*** Record set Section Begins ***

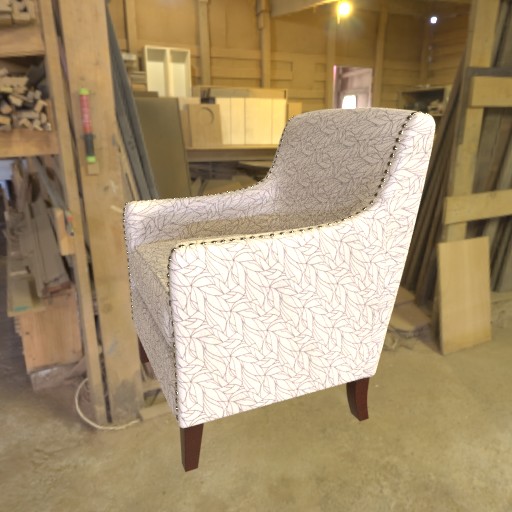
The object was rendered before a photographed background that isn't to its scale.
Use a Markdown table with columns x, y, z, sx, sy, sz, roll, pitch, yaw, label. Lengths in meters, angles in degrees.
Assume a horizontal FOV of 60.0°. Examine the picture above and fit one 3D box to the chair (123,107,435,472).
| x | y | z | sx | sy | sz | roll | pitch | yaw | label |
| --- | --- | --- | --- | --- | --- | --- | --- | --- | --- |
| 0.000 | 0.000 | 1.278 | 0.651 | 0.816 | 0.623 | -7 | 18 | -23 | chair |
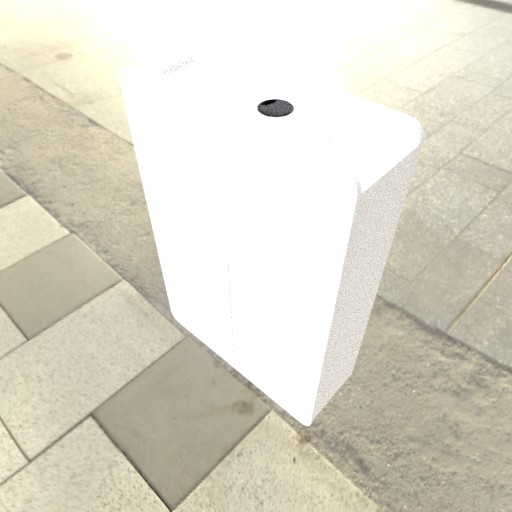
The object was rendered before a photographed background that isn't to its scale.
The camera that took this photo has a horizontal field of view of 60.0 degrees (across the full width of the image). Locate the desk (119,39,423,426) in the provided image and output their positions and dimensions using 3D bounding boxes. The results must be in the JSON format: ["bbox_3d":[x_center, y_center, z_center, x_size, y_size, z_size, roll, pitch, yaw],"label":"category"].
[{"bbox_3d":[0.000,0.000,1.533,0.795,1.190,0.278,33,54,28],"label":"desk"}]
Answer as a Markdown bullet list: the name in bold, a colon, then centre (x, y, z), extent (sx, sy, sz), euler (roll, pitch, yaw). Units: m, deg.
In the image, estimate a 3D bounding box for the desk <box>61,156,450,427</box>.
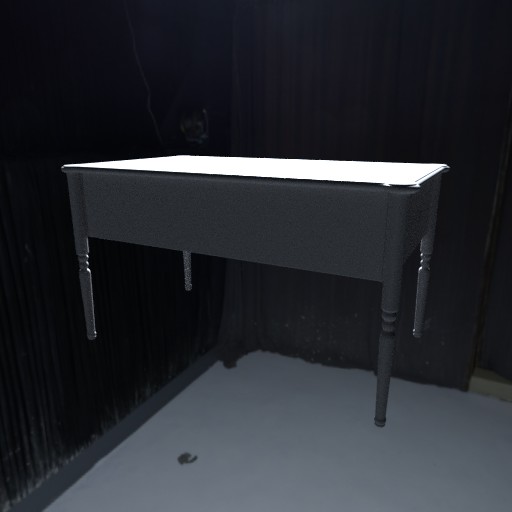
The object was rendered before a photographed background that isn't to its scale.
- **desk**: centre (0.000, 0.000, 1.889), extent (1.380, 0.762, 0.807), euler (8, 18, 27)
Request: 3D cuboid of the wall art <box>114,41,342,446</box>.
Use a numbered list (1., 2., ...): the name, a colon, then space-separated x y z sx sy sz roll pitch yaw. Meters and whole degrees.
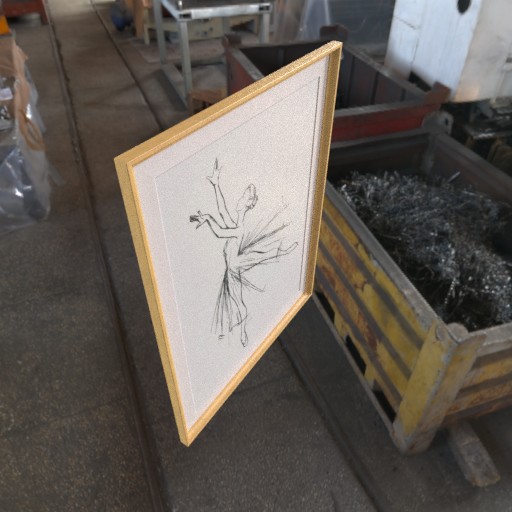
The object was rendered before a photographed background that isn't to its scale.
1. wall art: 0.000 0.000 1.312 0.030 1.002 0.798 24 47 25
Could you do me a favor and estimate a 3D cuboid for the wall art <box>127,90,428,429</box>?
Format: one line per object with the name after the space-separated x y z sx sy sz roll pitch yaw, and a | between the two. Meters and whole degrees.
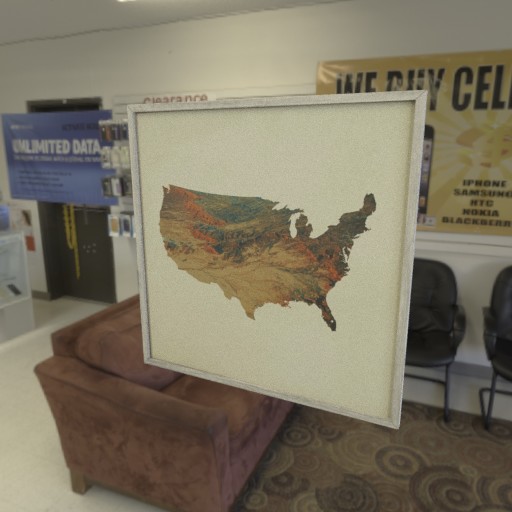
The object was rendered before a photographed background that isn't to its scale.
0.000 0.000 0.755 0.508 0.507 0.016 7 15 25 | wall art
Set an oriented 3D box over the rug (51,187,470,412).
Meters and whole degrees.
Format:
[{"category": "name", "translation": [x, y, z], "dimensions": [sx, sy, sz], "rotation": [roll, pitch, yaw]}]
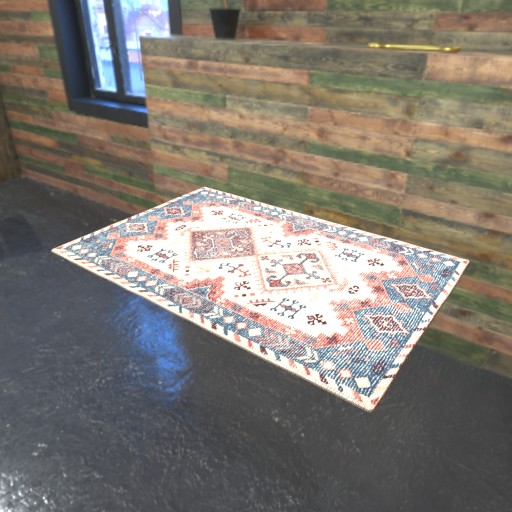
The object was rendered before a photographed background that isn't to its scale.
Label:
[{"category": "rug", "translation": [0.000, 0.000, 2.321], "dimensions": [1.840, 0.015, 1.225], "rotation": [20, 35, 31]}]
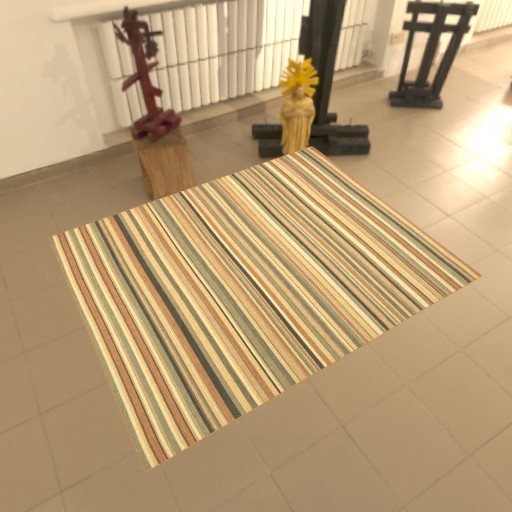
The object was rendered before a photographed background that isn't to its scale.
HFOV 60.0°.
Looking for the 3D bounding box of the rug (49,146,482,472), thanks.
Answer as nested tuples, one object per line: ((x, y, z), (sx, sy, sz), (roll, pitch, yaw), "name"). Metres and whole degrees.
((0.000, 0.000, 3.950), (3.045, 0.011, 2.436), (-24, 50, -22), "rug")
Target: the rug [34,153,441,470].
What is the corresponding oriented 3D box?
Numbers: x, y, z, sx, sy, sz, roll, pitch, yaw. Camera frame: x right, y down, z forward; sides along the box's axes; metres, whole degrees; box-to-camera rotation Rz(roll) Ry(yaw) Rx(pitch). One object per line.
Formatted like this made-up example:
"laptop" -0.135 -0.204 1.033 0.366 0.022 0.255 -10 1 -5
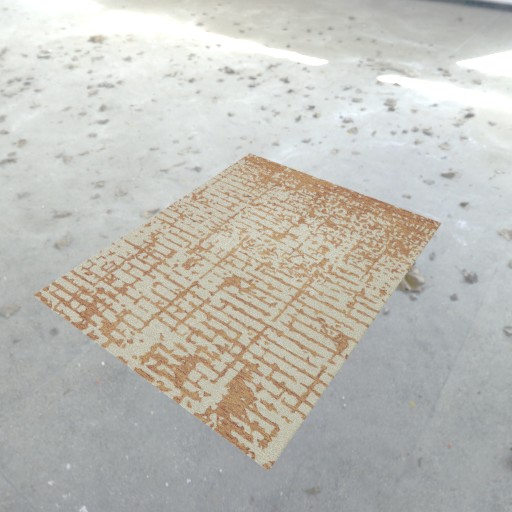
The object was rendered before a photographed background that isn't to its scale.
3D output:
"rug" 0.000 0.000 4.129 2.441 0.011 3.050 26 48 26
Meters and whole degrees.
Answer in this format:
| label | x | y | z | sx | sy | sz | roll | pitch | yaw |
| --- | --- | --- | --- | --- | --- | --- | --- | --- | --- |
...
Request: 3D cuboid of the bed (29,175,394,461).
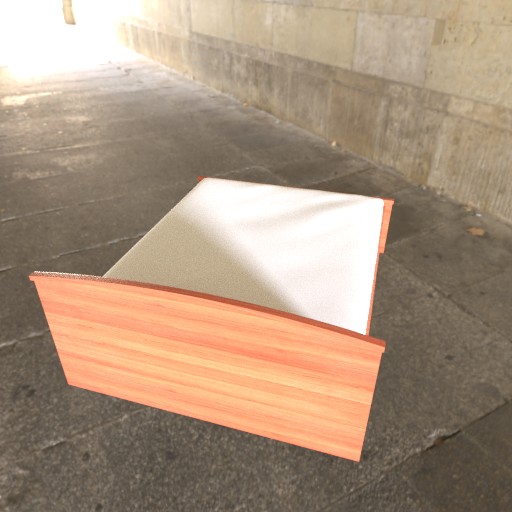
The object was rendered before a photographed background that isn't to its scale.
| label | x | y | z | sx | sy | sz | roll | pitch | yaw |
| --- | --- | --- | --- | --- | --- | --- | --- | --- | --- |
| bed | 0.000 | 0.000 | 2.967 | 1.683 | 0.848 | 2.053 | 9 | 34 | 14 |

*** Record set Section Ends ***

## Directions
Search the material for "cuboid" and copy each matching line.

## Your solution
Request: 3D cuboid of the wall art <box>114,41,342,446</box>.
Could you do me a favor and estimate a 3D cuboid for the wall art <box>127,90,428,429</box>?
Request: 3D cuboid of the bed (29,175,394,461).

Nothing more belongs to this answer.